Many years ago when I was preparing for a career in food-service management, I ran across a useful concept developed by Japanese manufacturers: Just-in-time production. It's defined by the Institute for Manufacturing at the University of Cambridge as "a management philosophy and not a technique." Originally referring to the "production of goods to meet customer demand exactly in time, quality and quantity," it's now used by many management professionals as a "means of producing with minimum waste," which is understood to include time, resources, and materials. Does it sound like a win-win scenario? Japan's own Toyota Corporation sure thought so and implemented this philosophy dreamed up by Taiichi Ohno, now known as the Father of JIT.
At that time in my life, it (JIT) was just another acronym--skeleton of a word--to absorb and memorize for a test. Now I understand its full implication for me as a gardener, a consumer, a wife, a mother, a student...
Looking at the picture of SAM and me in my last post gave me an idea. Why not use time to improve the way we consume food and thereby enhance our productivity and, ultimately, appearance? I'm talkin' bloat here, right now.
Over the years, I've noticed that if I eat certain foods at certain times of the day, my digestive system strongly objects. Ahem! I could clear a room in five seconds, if you know what I mean. I didn't understand the correlation between time and food. Now I do.

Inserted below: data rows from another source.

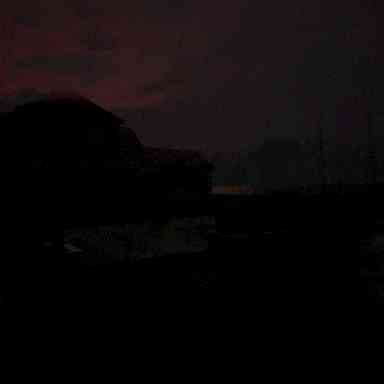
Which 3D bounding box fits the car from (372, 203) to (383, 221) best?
[{"bbox_3d":[14.725,1.564,26.921,1.994,1.385,4.181,0,0,-36],"label":"car"}]
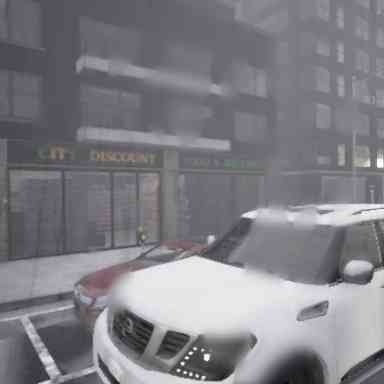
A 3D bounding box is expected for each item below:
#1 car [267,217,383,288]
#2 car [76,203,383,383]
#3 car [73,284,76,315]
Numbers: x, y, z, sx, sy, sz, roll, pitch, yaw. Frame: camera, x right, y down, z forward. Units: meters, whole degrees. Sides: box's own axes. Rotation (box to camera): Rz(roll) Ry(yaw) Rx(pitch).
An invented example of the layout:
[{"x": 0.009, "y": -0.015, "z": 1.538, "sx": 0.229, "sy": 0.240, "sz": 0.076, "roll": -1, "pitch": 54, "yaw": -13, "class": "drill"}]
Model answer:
[{"x": 4.399, "y": 1.542, "z": 9.681, "sx": 4.313, "sy": 1.339, "sz": 1.947, "roll": 0, "pitch": 0, "yaw": -36, "class": "car"}, {"x": 1.600, "y": 1.213, "z": 4.509, "sx": 5.566, "sy": 2.045, "sz": 2.150, "roll": 0, "pitch": 0, "yaw": -35, "class": "car"}, {"x": -0.103, "y": 1.572, "z": 6.468, "sx": 4.206, "sy": 1.307, "sz": 1.802, "roll": 0, "pitch": 0, "yaw": -35, "class": "car"}]
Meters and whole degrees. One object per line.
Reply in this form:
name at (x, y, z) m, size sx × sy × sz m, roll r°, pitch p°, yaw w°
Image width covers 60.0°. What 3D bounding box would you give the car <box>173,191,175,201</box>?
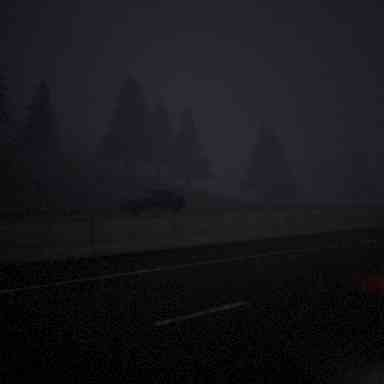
car at (-3.135, 0.793, 26.968) m, size 5.566 × 2.045 × 2.150 m, roll 0°, pitch 0°, yaw -32°
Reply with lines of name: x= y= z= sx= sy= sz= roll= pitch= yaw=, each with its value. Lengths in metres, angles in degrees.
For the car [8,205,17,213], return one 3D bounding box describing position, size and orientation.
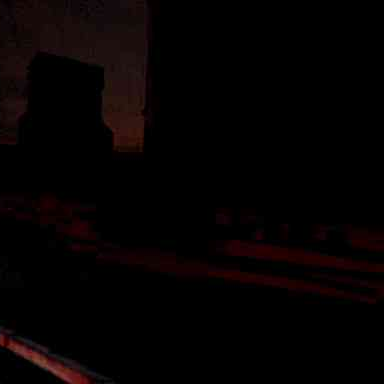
car: x=-26.597 y=2.695 z=52.606 sx=2.033 sy=1.411 sz=5.357 roll=4 pitch=-2 yaw=9
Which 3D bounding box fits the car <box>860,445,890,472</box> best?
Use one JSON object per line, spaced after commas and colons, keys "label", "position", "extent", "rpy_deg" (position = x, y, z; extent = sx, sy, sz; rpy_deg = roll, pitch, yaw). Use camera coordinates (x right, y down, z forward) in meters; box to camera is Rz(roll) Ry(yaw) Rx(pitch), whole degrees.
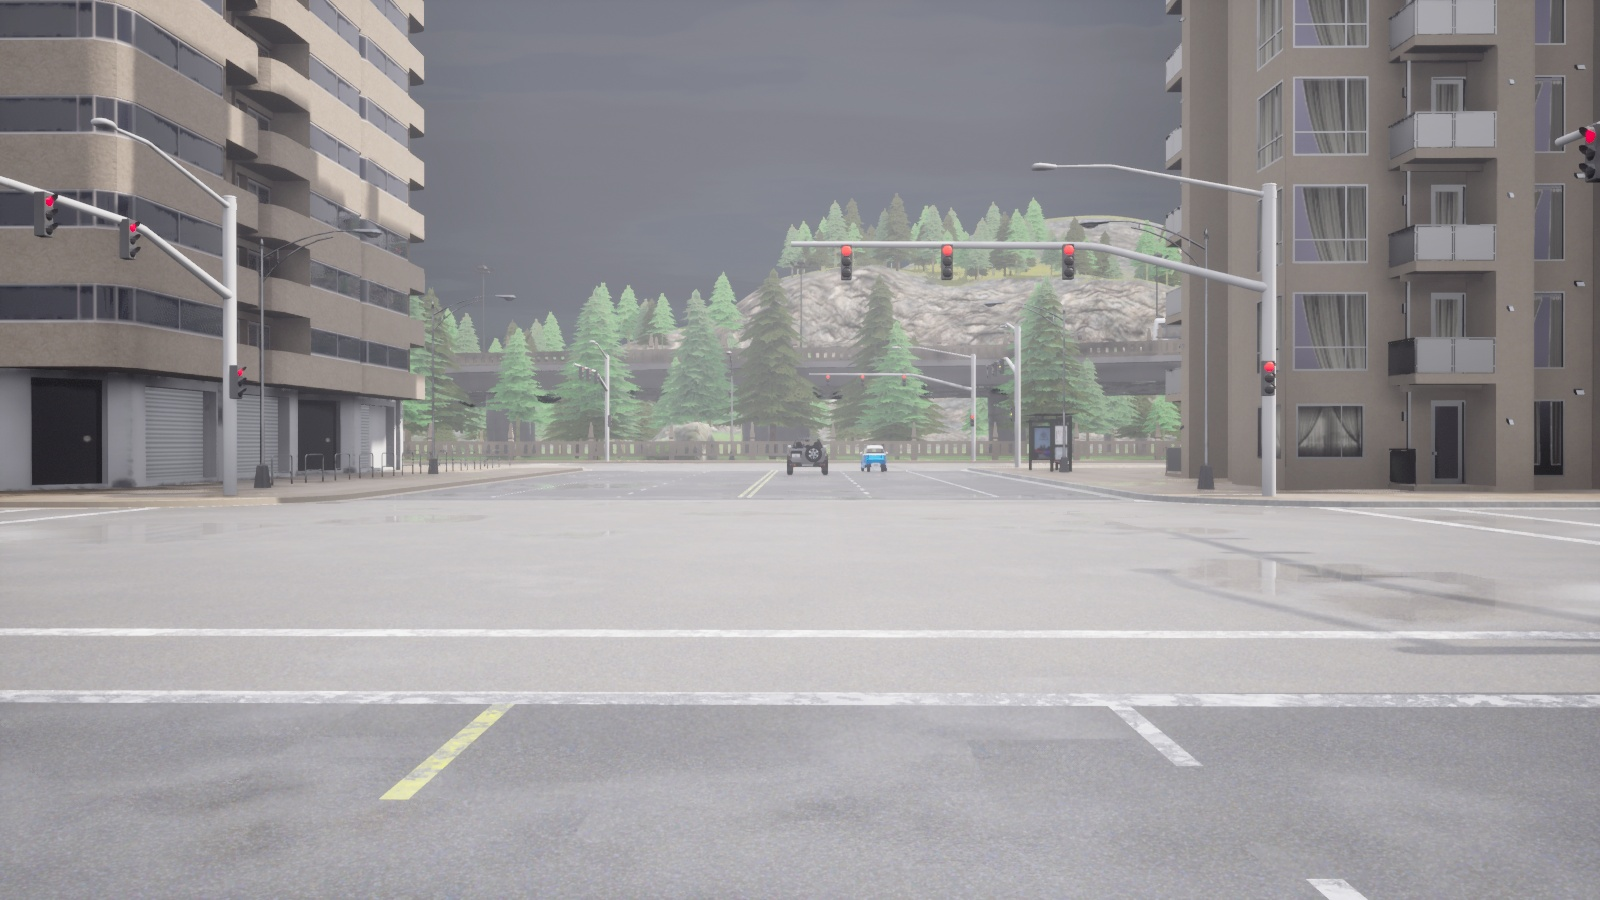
{"label": "car", "position": [3.885, 0.436, 65.278], "extent": [1.481, 1.376, 2.207], "rpy_deg": [0, 1, 1]}

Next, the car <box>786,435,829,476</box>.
{"label": "car", "position": [0.350, 0.229, 59.258], "extent": [1.932, 1.855, 4.605], "rpy_deg": [0, 0, 0]}
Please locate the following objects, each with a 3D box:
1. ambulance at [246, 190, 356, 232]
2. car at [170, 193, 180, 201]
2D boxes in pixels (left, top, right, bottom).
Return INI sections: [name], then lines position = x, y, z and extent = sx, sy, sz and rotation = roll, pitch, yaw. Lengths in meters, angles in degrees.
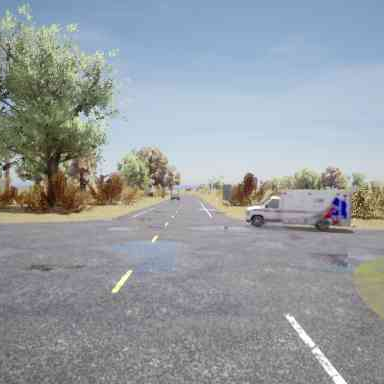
[ambulance]
position = 6.676, 1.103, 21.002
extent = 6.366, 2.431, 2.351
rotation = 1, 1, 14
[car]
position = -3.523, 1.053, 71.080
extent = 1.882, 1.535, 5.008
rotation = 0, 0, 0
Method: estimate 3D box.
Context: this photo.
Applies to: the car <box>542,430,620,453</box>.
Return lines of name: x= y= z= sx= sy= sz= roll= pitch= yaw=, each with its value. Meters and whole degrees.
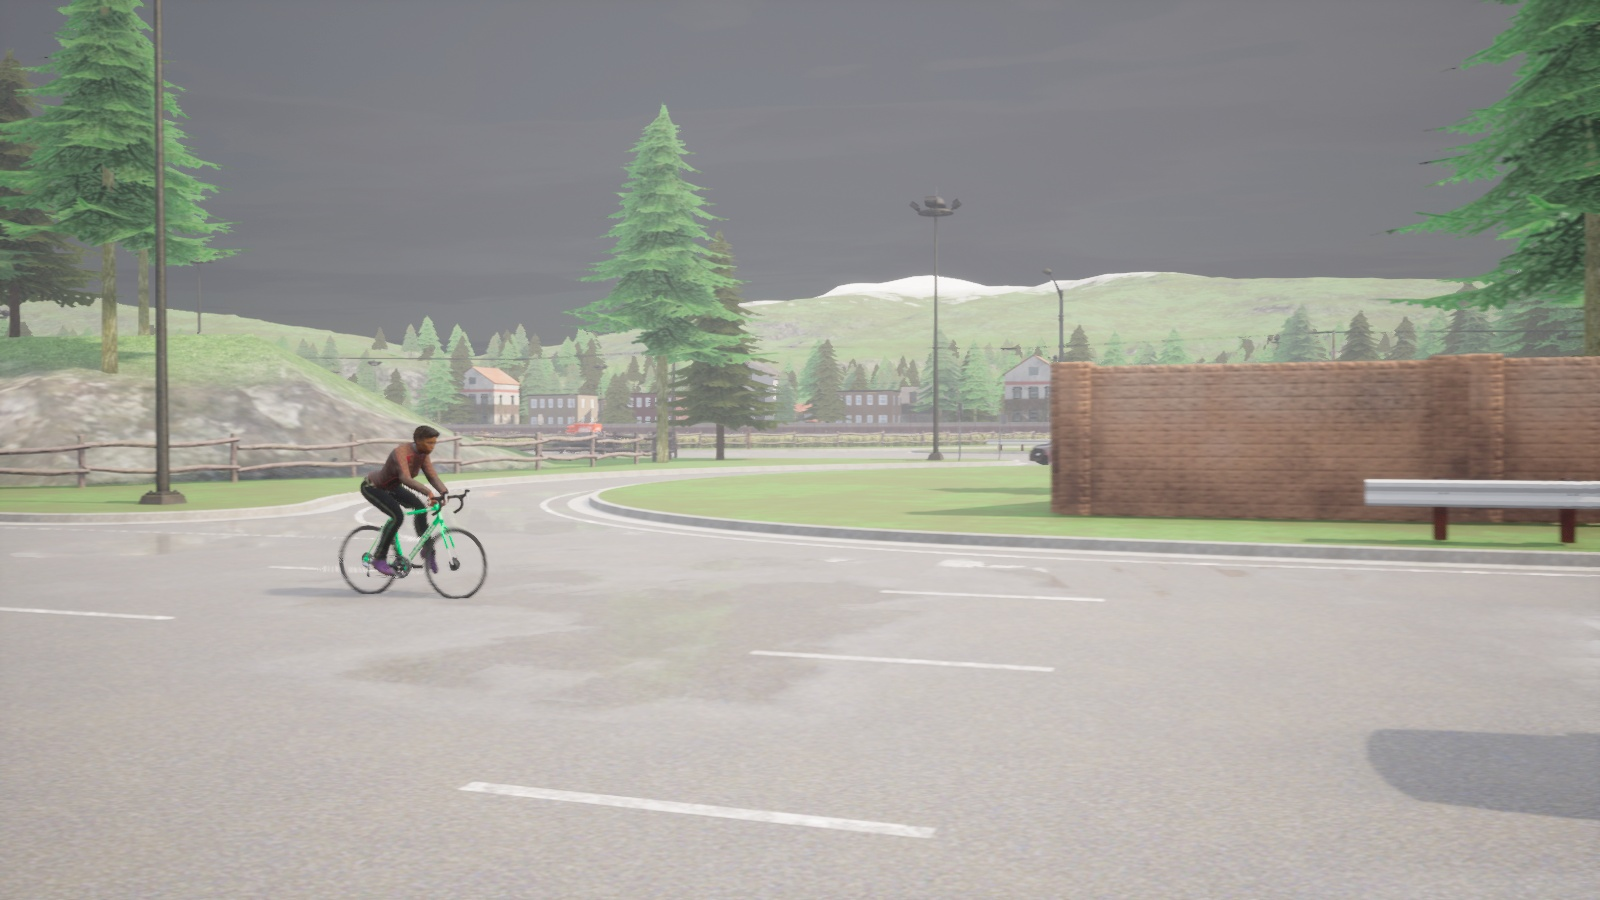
car: x=-14.202 y=-0.562 z=81.364 sx=4.674 sy=1.442 sz=1.812 roll=1 pitch=1 yaw=18

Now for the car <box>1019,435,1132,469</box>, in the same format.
car: x=11.594 y=0.078 z=52.898 sx=4.181 sy=1.385 sz=1.994 roll=0 pitch=1 yaw=-19

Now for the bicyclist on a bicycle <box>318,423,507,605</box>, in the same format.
bicyclist on a bicycle: x=-3.642 y=0.565 z=11.803 sx=1.656 sy=1.620 sz=0.582 roll=1 pitch=1 yaw=19
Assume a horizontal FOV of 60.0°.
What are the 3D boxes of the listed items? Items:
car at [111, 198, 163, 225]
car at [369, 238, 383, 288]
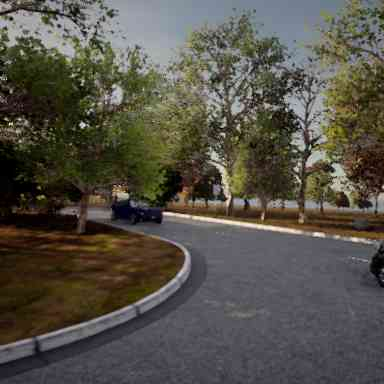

According to Marcella Vonn Harting's book "Yes, No, Maybe" Chronobiotic Nutrition, instead of dieting, we should be concerned with "being on time in time all the time" and "celebrate eating foods at precise times of day for specific health results." Our body processes, as in every living thing, are governed by circadian rhythms. Light and darkness affect us mentally, physically, and behaviorally. They also affect the things that grow that we consume: plants and animals. The sun and the moon, solar and lunar effects, somehow tell our bodies when to produce certain enzymes, hormones, and proteins that keep us going, strong or not, depending on what and, most importantly, when we ingest.
I'm about a third of the way through the book and just started following the dietary recommendations at the beginning of this week, so it's too early to tell if things are changing for the better. And this week is a strange one in the scheme of things. The last few days' schedule are a little mixed up. Ordinarily, we would eat "Tree" things like tree fruits and nuts first thing in the morning; "Shrub" things like veggies, vine fruits, meat protein, and dairy products for lunch; and "Root" items like carrots, potatoes, turnips, parsnips, seafood, and eggs for dinner. The first few days before the full moon and the first few days after it mix things up. Right now we're supposed to be eating "Roots" in the morning. Okay, eggs and potatoes seem like good breakfast items but shrimp, carrots, and onions? SAM is not entirely on board with this idea. He's a little concerned about the onions I added to the mix this morning. They're somewhat of a deterrent to social interaction, especially at the office.
|SAM's fluorite octahedron|
Now if only rocks like this octahedron were part of the plan, SAM the geologist would be grateful for my efforts to improve our nutrition. Nah, they're too pretty and, according to SAM, valuable to eat.